What is needed:
Set down, character for character, everything in the records below from the line holding "9) slipper <box>463,133,750,336</box>" down to the line holding "17) snack bag <box>693,265,779,344</box>", and no other line.

▽

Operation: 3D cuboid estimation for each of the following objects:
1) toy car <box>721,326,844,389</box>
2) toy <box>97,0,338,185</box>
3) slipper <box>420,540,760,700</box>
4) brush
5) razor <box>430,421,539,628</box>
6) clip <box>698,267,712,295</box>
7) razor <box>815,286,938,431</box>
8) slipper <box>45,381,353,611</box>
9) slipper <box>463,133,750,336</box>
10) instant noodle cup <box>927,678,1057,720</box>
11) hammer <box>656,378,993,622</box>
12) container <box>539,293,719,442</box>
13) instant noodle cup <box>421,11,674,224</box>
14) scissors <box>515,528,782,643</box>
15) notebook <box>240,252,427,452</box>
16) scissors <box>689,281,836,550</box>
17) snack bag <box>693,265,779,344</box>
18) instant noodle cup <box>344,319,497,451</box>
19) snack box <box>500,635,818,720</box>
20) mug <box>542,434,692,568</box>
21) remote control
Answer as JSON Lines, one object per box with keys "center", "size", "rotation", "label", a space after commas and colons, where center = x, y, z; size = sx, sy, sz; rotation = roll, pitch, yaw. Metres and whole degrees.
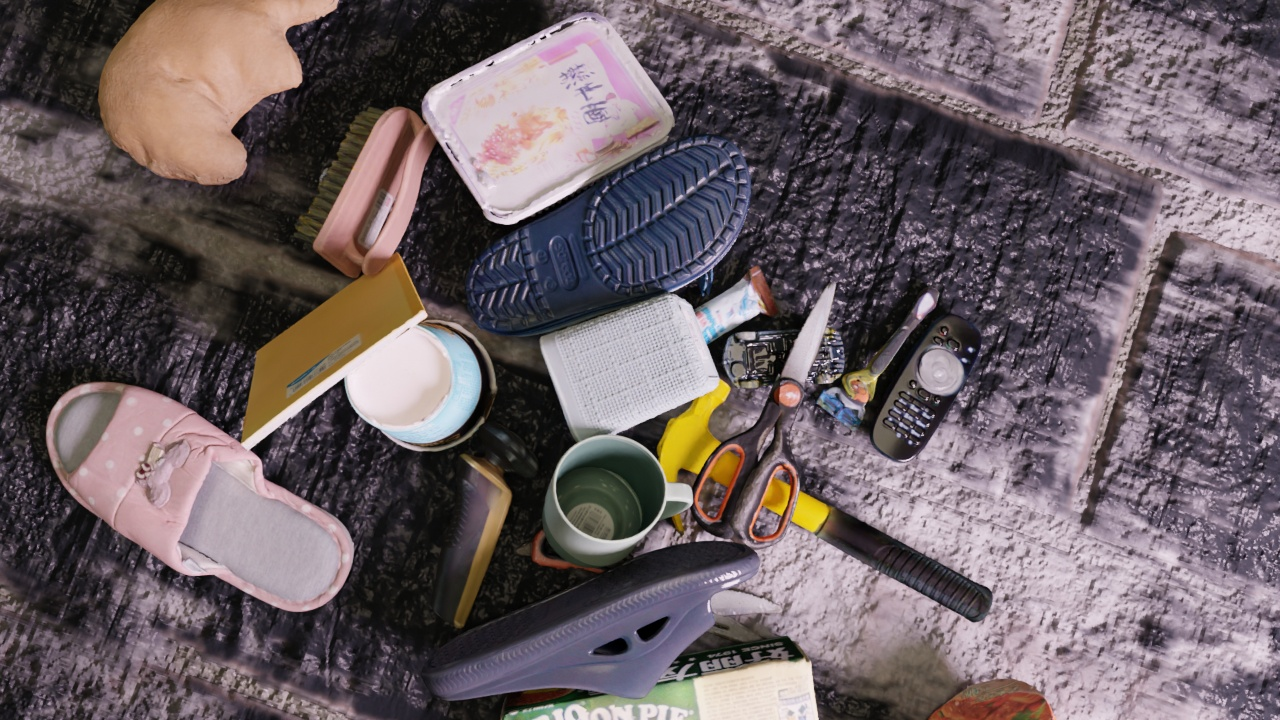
{"center": [0.118, -0.002, 0.768], "size": [0.105, 0.031, 0.049], "rotation": [-4, 86, -8], "label": "toy car"}
{"center": [-0.345, -0.253, 0.755], "size": [0.143, 0.082, 0.225], "rotation": [31, 82, -4], "label": "toy"}
{"center": [-0.030, 0.212, 0.696], "size": [0.268, 0.110, 0.083], "rotation": [-22, 92, 2], "label": "slipper"}
{"center": [-0.217, -0.142, 0.751], "size": [0.073, 0.063, 0.145], "rotation": [19, 78, 16], "label": "brush"}
{"center": [-0.129, 0.134, 0.742], "size": [0.067, 0.062, 0.167], "rotation": [17, 90, -32], "label": "razor"}
{"center": [0.055, -0.081, 0.770], "size": [0.028, 0.024, 0.056], "rotation": [0, 50, -4], "label": "clip"}
{"center": [0.209, -0.007, 0.777], "size": [0.042, 0.022, 0.142], "rotation": [40, 84, 0], "label": "razor"}
{"center": [-0.356, 0.109, 0.730], "size": [0.274, 0.054, 0.114], "rotation": [33, 85, 1], "label": "slipper"}
{"center": [-0.021, -0.087, 0.744], "size": [0.253, 0.095, 0.105], "rotation": [-25, 85, 14], "label": "slipper"}
{"center": [0.285, 0.337, 0.693], "size": [0.111, 0.151, 0.151], "rotation": [44, 85, -6], "label": "instant noodle cup"}
{"center": [0.149, 0.133, 0.757], "size": [0.301, 0.033, 0.128], "rotation": [28, 85, 1], "label": "hammer"}
{"center": [-0.004, 0.004, 0.722], "size": [0.111, 0.090, 0.090], "rotation": [-22, 85, 10], "label": "container"}
{"center": [-0.075, -0.190, 0.754], "size": [0.173, 0.060, 0.138], "rotation": [-30, 77, -11], "label": "instant noodle cup"}
{"center": [0.000, 0.203, 0.755], "size": [0.214, 0.015, 0.197], "rotation": [-33, 87, -5], "label": "scissors"}
{"center": [-0.229, -0.018, 0.681], "size": [0.146, 0.206, 0.010], "rotation": [-37, 115, -5], "label": "notebook"}
{"center": [0.100, 0.034, 0.738], "size": [0.125, 0.022, 0.234], "rotation": [4, 84, -1], "label": "scissors"}
{"center": [0.065, -0.037, 0.773], "size": [0.104, 0.026, 0.048], "rotation": [-27, 94, -4], "label": "snack bag"}
{"center": [-0.173, 0.016, 0.712], "size": [0.111, 0.120, 0.111], "rotation": [0, 85, -2], "label": "instant noodle cup"}
{"center": [0.019, 0.299, 0.718], "size": [0.240, 0.063, 0.114], "rotation": [-10, 91, -3], "label": "snack box"}
{"center": [-0.018, 0.112, 0.709], "size": [0.111, 0.107, 0.082], "rotation": [-1, 66, -12], "label": "mug"}
{"center": [0.239, 0.024, 0.774], "size": [0.053, 0.024, 0.136], "rotation": [33, 84, 3], "label": "remote control"}

△

Exercise solution:
9) slipper <box>463,133,750,336</box>
10) instant noodle cup <box>927,678,1057,720</box>
11) hammer <box>656,378,993,622</box>
12) container <box>539,293,719,442</box>
13) instant noodle cup <box>421,11,674,224</box>
14) scissors <box>515,528,782,643</box>
15) notebook <box>240,252,427,452</box>
16) scissors <box>689,281,836,550</box>
17) snack bag <box>693,265,779,344</box>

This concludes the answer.